WHAT YOU ARE ASKED TO DO => Set down each line of the data exactly, but not the pictures.

(Entries taken from a collection)
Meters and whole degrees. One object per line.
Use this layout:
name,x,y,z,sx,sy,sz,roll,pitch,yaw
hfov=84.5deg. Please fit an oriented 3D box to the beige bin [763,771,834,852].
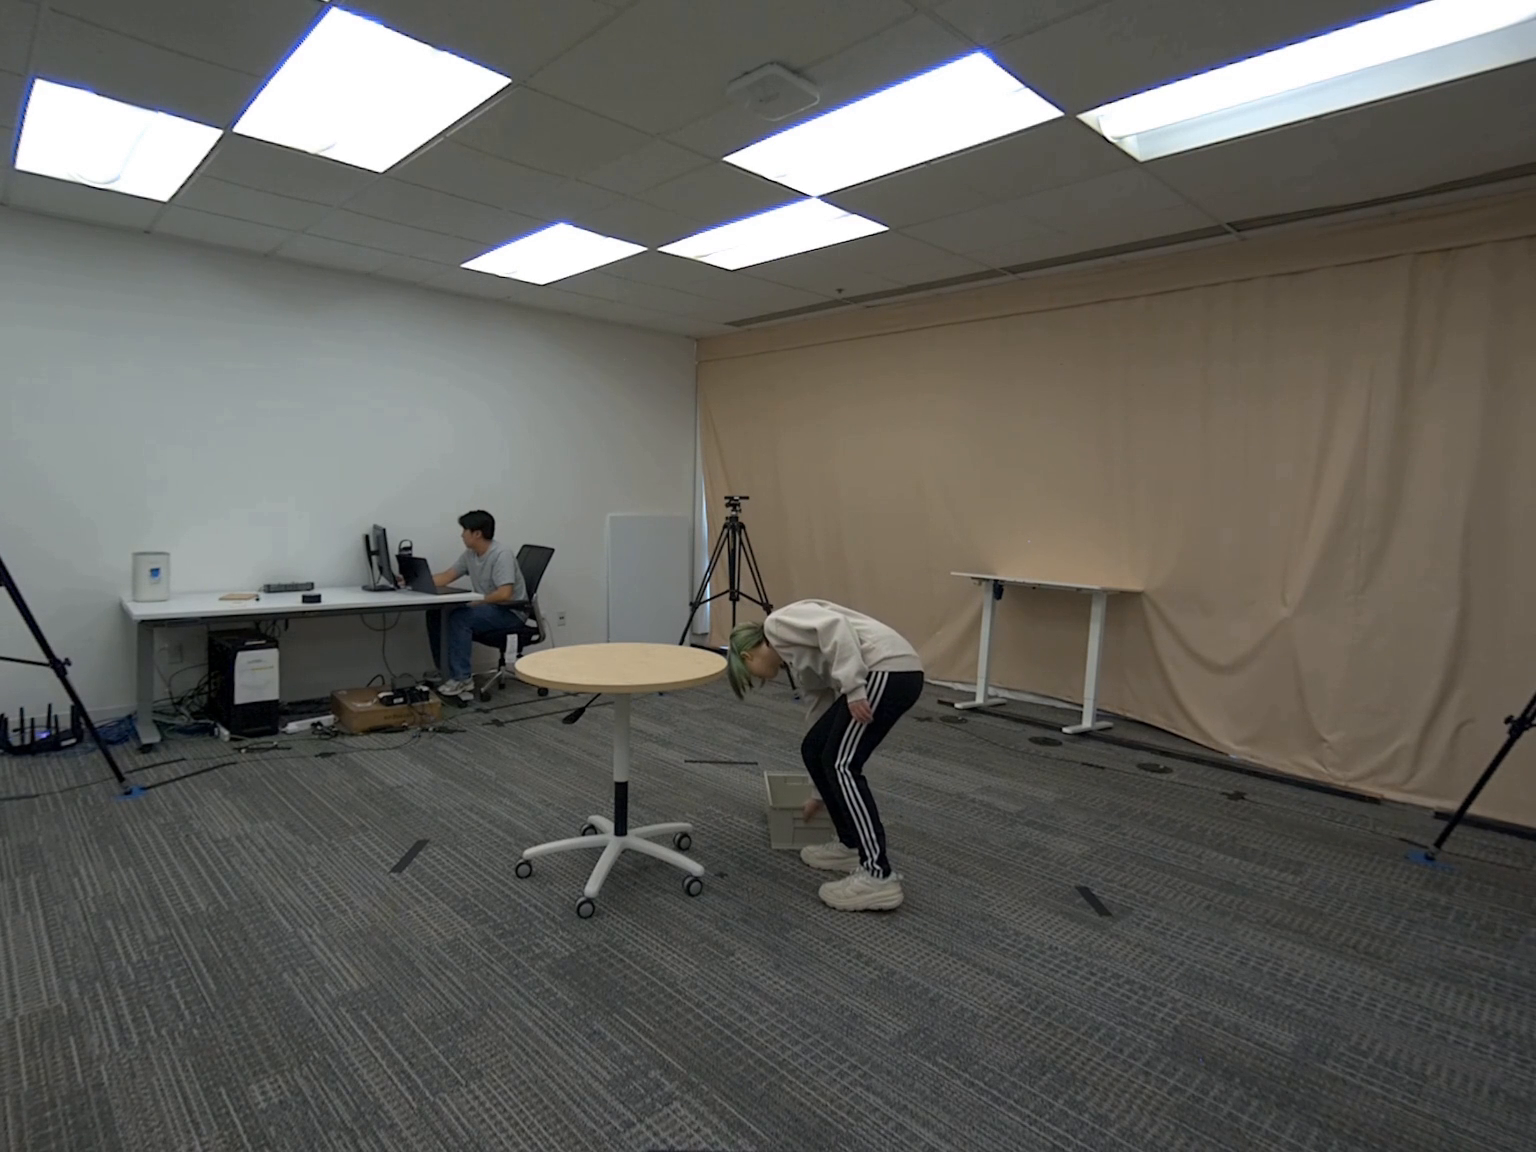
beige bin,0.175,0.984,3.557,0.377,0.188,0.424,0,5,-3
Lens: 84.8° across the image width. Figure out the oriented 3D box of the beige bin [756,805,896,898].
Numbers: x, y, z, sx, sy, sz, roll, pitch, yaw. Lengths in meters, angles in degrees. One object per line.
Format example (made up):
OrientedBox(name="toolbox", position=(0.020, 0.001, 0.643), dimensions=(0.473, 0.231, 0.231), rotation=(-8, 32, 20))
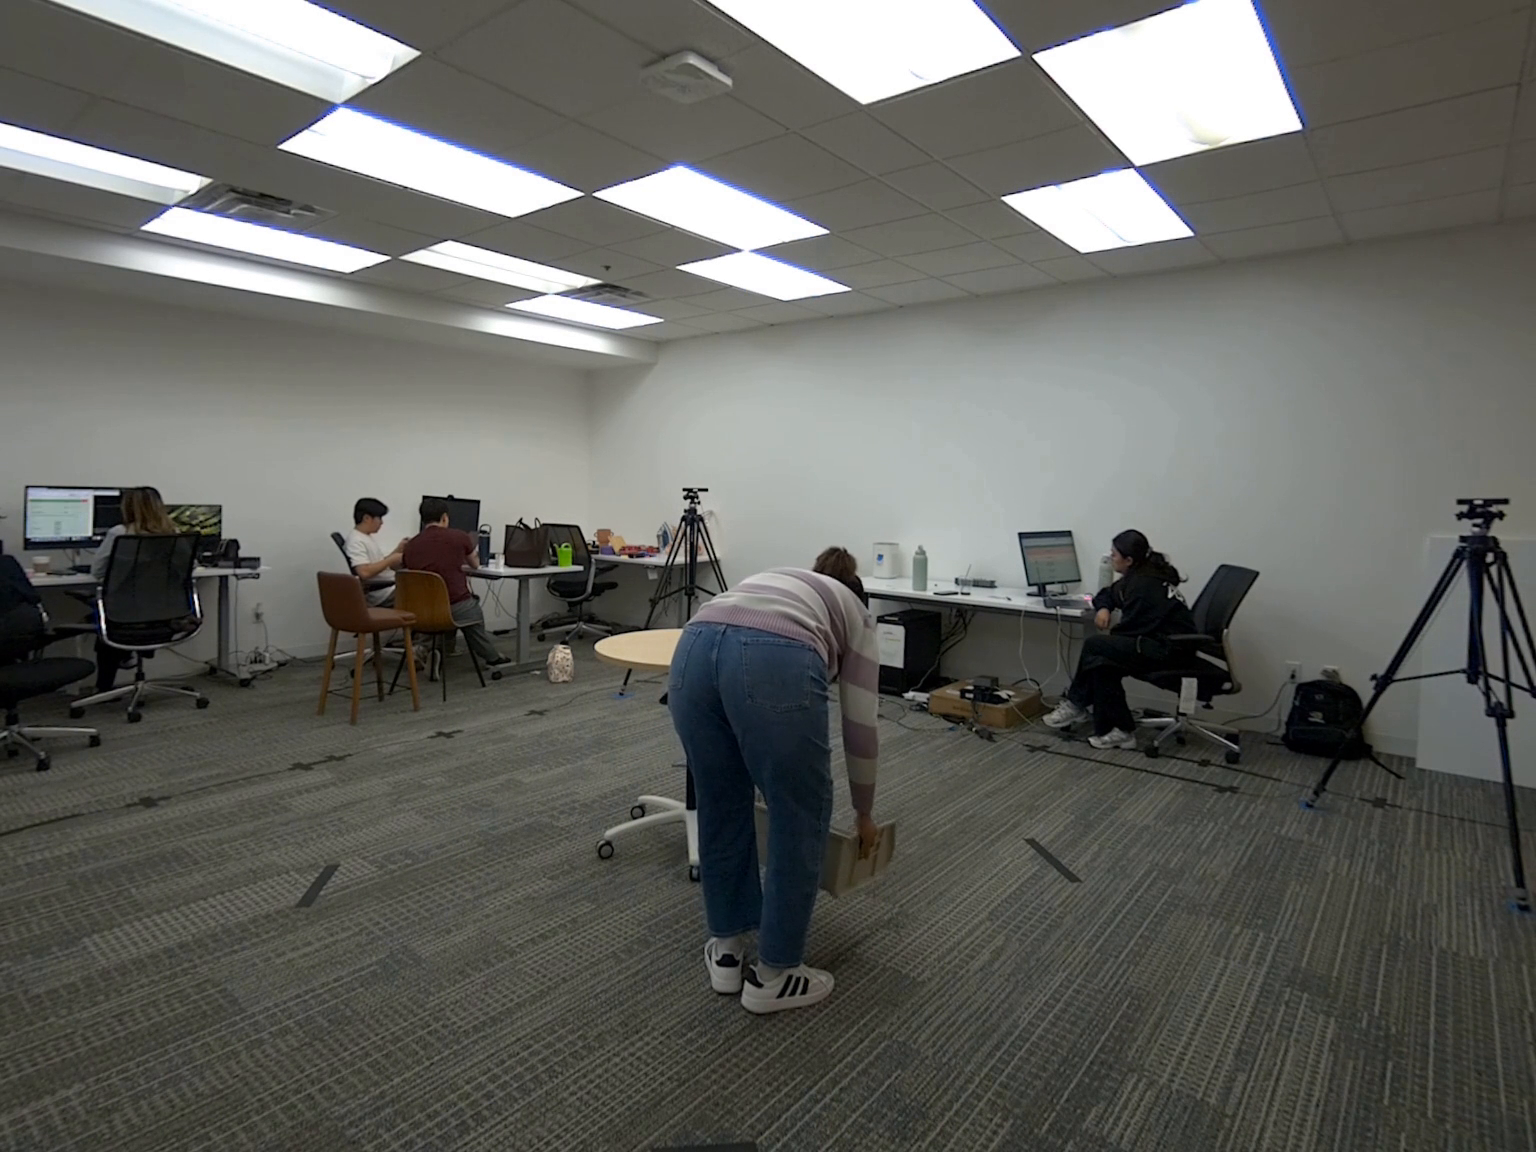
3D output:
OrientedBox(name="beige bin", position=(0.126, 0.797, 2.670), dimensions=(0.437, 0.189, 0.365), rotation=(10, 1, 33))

SOLUTION FOR THIS TASK =>
Meters and whole degrees. One object per line.
Use this layout:
name,x,y,z,sx,sy,sz,roll,pitch,yaw
hfov=84.5deg. Please fit an oriented 3D box to the beige bin [763,771,834,852].
beige bin,0.175,0.984,3.557,0.377,0.188,0.424,0,5,-3
Lens: 84.8° across the image width. Figure out the oriented 3D box of the beige bin [756,805,896,898].
Numbers: x, y, z, sx, sy, sz, roll, pitch, yaw. Lengths in meters, angles in degrees. One object per line.
Format example (made up):
OrientedBox(name="toolbox", position=(0.020, 0.001, 0.643), dimensions=(0.473, 0.231, 0.231), rotation=(-8, 32, 20))
3D output:
OrientedBox(name="beige bin", position=(0.126, 0.797, 2.670), dimensions=(0.437, 0.189, 0.365), rotation=(10, 1, 33))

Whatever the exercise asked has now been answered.